The assimilation experiments in this study were conducted on the Korea Meteorological Administration (KMA) operational supercomputing system called Duru that consists of 426 dual-processor nodes, each of which is equipped with a powerful supercomputing server, ThinkSystem SD530 (available online from Lenovo Group Ltd., Beijing, China, at https://lenovopress.lenovo.com/servers/thinksystem/sd530 (accessed on 9 April 2023)). Each server is equipped with 768 GB of random access memory and a 2.9 GHz Intel Xeon Platinum 8268 Processor with 24 CPU cores, running on CentOS Linux. Twenty computational nodes on the supercomputer system were used for the verification of the computational efficiency of the LUTKF and the LETKF.

The computational time of the LETKF and LUTKF algorithms used in this study is shown in Table 3. It is the average value of the wall-clock time in seconds required to perform the forecast and analysis (i.e., data assimilation) cycle in each assimilation method during the 16-day test period from 1200 UTC 3 September 2008 to 1200 UTC 19 September 2008.

In the model forecast phase, the LUTKF with

N_{e} = 15

consumes less computational time compared to the LETKF with

N_{e} = 21

, while it requires a similar computational time to the LETKF with

N_{e} = 15

. This is because a larger ensemble size requires more computational time in the EBKF algorithms on average. During the analysis phase, however, the LUTKF with

N_{e} = 15

requires about 167.69% and 218.73% more computational time than the LETKF with

N_{e} = 15

and LETKF with

N_{e} = 21

, respectively. This is because the computational time of the LUTKF is sensitive to the number of observations to be assimilated, while that of the LETKF scales nearly linearly to the number of observations. Most of the time during the analysis step in the LUTKF is spent computing the Kalman gain

K_{k}

in Equation (18) described in Section 2.2. The matrix inversion portion in Equation (18), which requires floating point operations of

O (m^{3})

complexity for m observations, is a significant component of the computation time. Since the matrix inversion requires substantial computation time and can lead to incorrect results, we calculate

K_{k}^{T}

by solving the linear system

S_{k} K_{k}^{T} = P_{xz}

rather than inverting

S_{k}

. Solving the system of linear equations is more efficient and more accurate, and requires all operations of

O (m^{2})

complexity. Nevertheless, it still requires more computational time than the LETKF with

N_{e} = 21

as shown in Table 3. Better ways to compute the Kalman gain will appear in a future publication.

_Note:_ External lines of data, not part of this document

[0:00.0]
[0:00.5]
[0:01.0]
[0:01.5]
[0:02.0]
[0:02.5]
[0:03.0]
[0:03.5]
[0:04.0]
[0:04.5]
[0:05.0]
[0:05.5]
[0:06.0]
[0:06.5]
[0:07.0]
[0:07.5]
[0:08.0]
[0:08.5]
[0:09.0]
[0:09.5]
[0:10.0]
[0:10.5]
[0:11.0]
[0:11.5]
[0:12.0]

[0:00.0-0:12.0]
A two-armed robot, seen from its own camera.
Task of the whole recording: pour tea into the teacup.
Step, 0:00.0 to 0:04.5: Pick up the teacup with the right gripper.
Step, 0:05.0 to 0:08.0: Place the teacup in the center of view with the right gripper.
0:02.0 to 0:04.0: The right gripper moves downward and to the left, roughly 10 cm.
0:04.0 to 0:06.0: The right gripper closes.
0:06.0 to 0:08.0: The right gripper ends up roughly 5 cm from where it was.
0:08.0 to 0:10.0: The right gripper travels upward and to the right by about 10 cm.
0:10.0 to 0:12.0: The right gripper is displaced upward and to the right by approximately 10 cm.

The “total” shown in the right-most column of Table 3 refers to the overall computational time required to perform all the phases (forecast and analysis). Compared to the LETKF using

N_{e} = 21

, the LUTKF using

N_{e} = 15

consumes about 25.05% less total computational time, although it requires more computational time when carrying out only the analysis phase. The results show the LUTKF algorithm with as few as fifteen ensemble members can perform the state estimation for the regional NWP model with higher computational efficiency than the LETKF with

N_{e} = 21

, providing assimilation results that are as accurate as the LETKF with

N_{e} = 21

as discussed in Section 4.2, Section 4.3 and Section 4.4.

5. Conclusions

Unlike the previous study that examined the analysis performance of the LUTKF method using the Lorenz 40-dimensional model and simulated observations [13], this paper presents the feasibility of the LUTKF as a data assimilation method for the WRF model using real observations.

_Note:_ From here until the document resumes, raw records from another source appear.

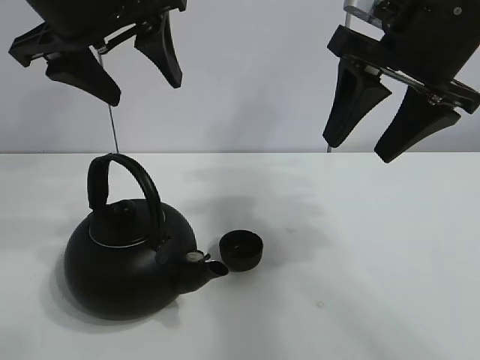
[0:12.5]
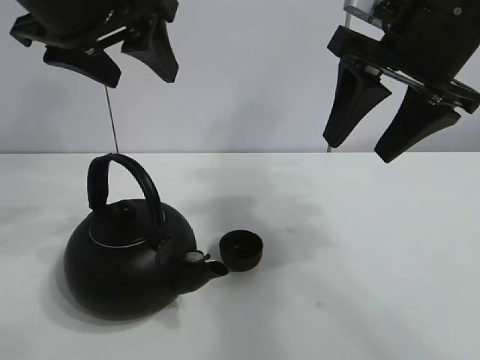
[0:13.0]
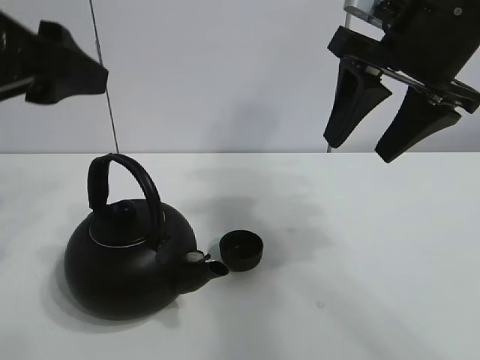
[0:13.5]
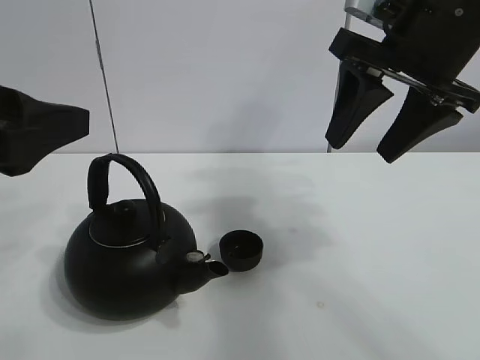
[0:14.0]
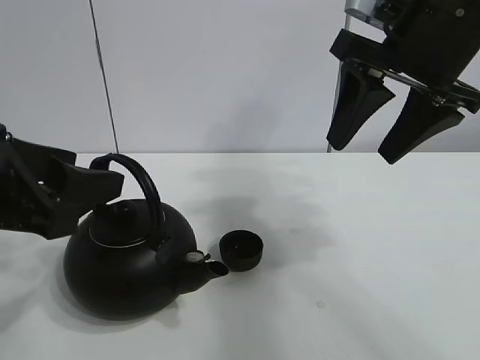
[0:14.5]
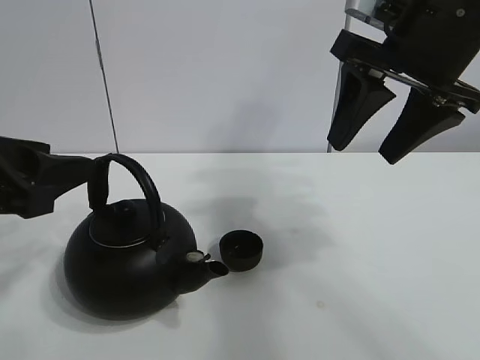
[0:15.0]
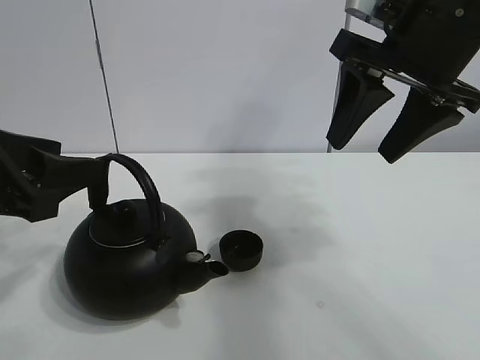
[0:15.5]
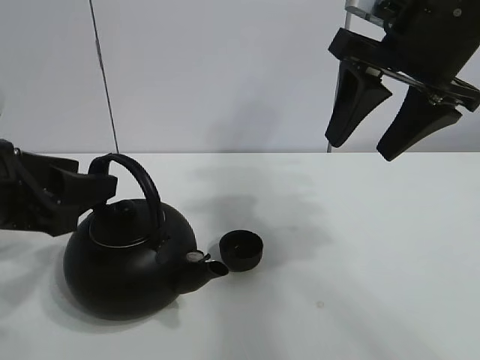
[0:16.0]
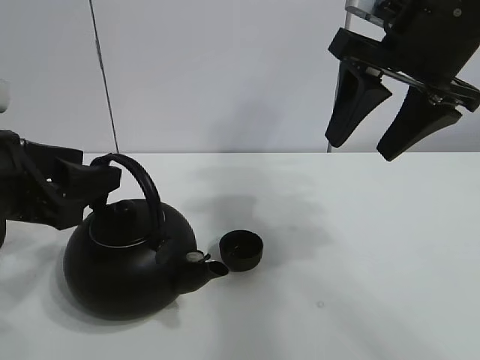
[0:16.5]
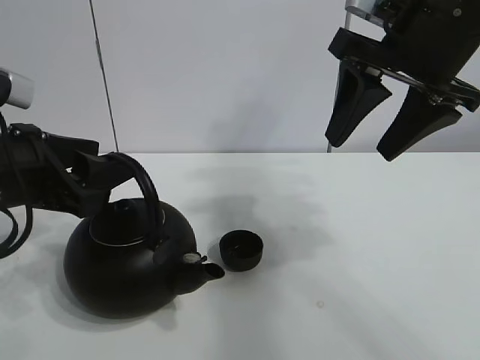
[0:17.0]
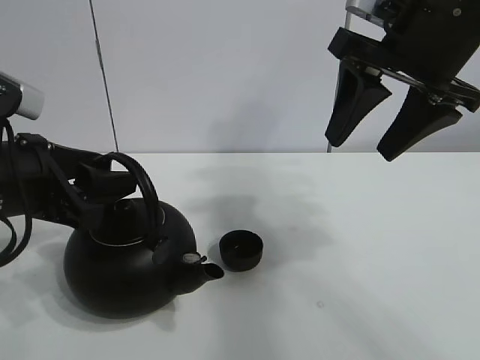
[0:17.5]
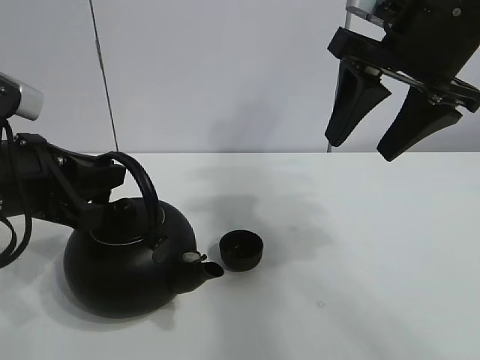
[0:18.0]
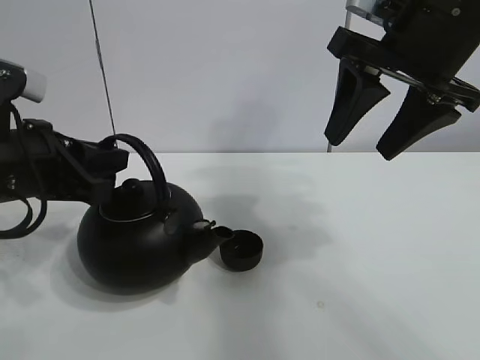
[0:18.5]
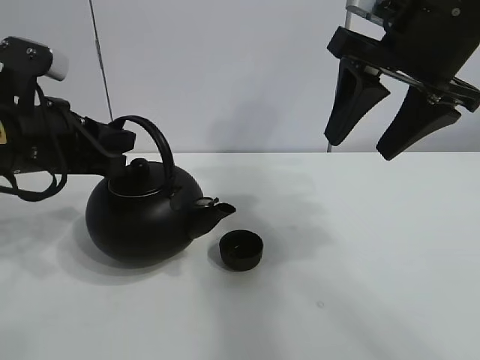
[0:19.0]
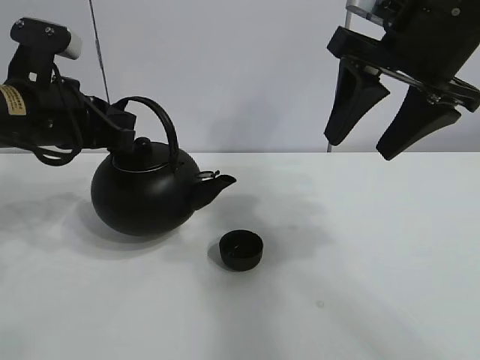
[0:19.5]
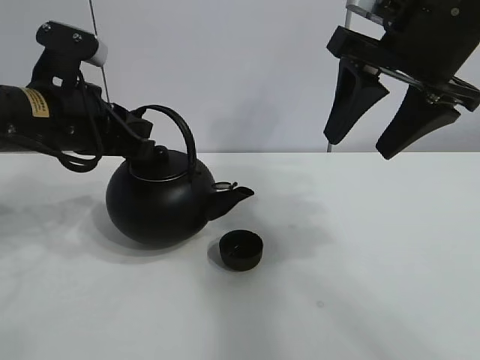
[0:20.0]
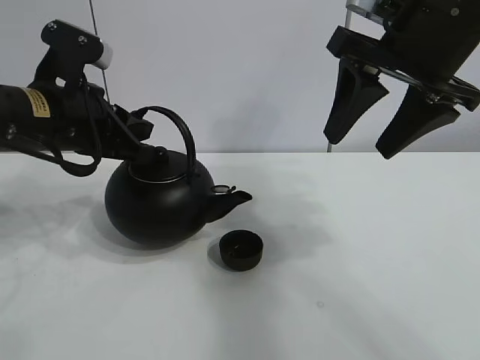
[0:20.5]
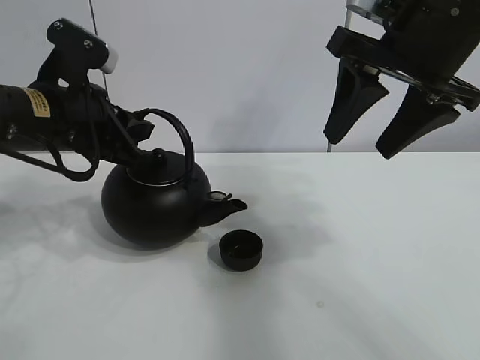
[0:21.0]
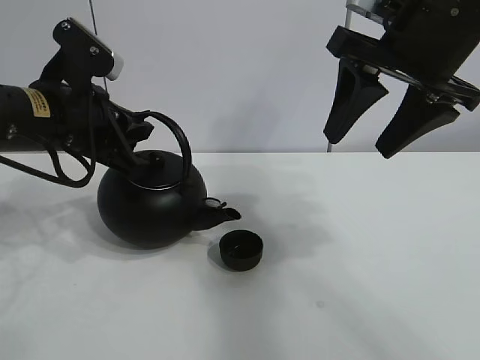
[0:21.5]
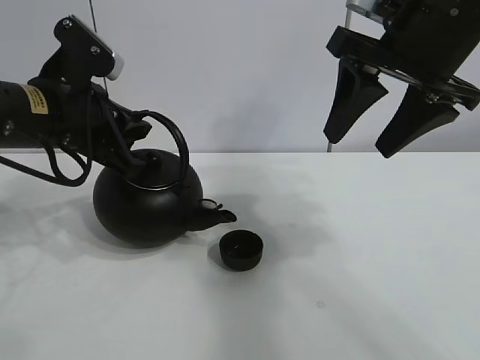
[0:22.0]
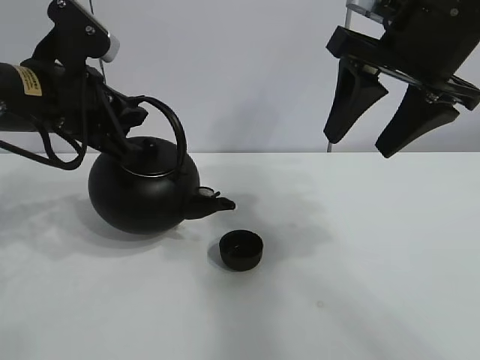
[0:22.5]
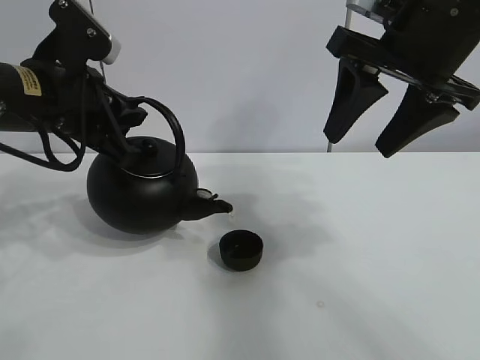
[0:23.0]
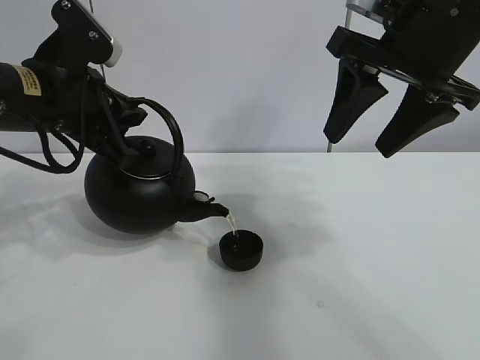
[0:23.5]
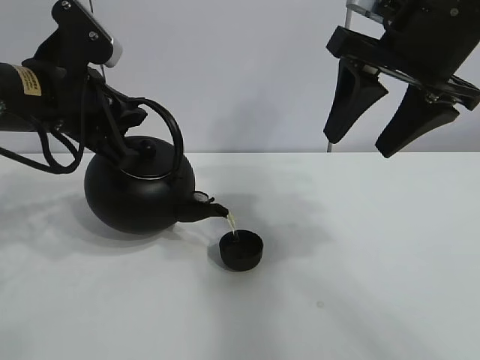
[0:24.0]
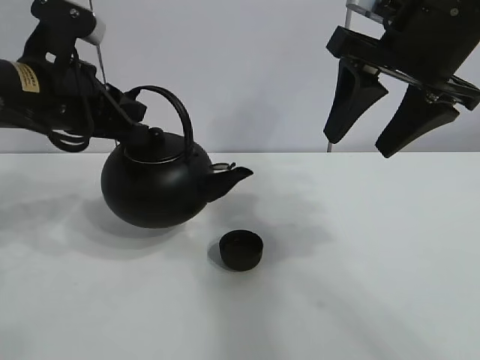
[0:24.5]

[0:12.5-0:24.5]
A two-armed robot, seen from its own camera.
Task of the whole recording: pour tea into the teacup.
Step, 0:12.5 to 0:17.5: Pick up the teapot with the left gripper.
Step, 0:18.5 to 0:24.0: Pour tea into the teacup with the left gripper.
0:12.5 to 0:14.5: The left gripper moves backward, downward and to the left, some 20 cm.
0:14.5 to 0:16.5: The left gripper shifts by about 5 cm.
0:16.5 to 0:18.5: The left gripper closes its fingers.
0:18.5 to 0:20.5: The left gripper goes about 5 cm forward.
0:20.5 to 0:24.5: The grippers make only small movements.

Since the LETKF uses the random sampling and makes linearization assumptions for the nonlinear function, it provides a first-order accuracy of the Taylor expansion, even for the highly nonlinear observation function. On the contrary, the LUTKF estimates the model state through the UT that makes no linearization assumptions for the nonlinear function and uses deterministically chosen ensemble members, therefore providing a second-order accuracy of the Taylor expansion for the nonlinear function [29,30,31]. Similar to the LETKF, the LUTKF can use a small number of ensemble members and local observations within a certain cutoff distance centered on each model grid point due to the spatial local analysis. As a result, the use of the localization method enables the LUTKF to offer better computational efficiency and to easily perform parallelized calculations in the parallel computer architecture.

Data assimilation cycle experiments show that the LUTKF with a smaller ensemble size can offer smaller RMSEs and biases and larger ensemble spreads that are closer to RMSE than the LETKF with a larger ensemble size over the region of Northeast Asia, although the assimilation results for the Q in most areas over the model domain indicate the disadvantage of the LUTKF. The LUTKF especially provided substantial benefits over the LETKF when performing the data assimilation for Typhoon Sinlaku. Compared to the LETKF using

N_{e} = 21

, the LUTKF using

N_{e} = 15

consumes less overall computational time for all the phases, including ensemble forecast and data assimilation, although it requires more computational time when carrying out only the analysis phase.

Experimental results indicate that the LUTKF with a moderate ensemble size has the potential to become an effective method to assimilate real observations into the WRF model by providing high computational efficiency and accurate analysis results that are comparable to those of the LETKF.

Nonetheless, the underestimated ensemble spreads of U, V, T, and Q for the LUTKF are still far away from RMSEs at most pressure levels. This suggests that although the LUTKF has a larger spread than the LETKF, it cannot capture real observation information in an effective manner. To solve this problem, the analysis configurations of the LUTKF will be improved by applying adaptive and additive covariance inflation approaches [35,36] to the data assimilation in future work.

Furthermore, results from the cycling data assimilation experiments show that the LUTKF produces larger posterior biases and RMSEs of Q and yields no significant estimation accuracy improvements for T, compared to the LETKF. As future work, the analysis performance for T and Q will be improved by assimilating satellite radiance observations that can provide information about the temperature and moisture [38,39].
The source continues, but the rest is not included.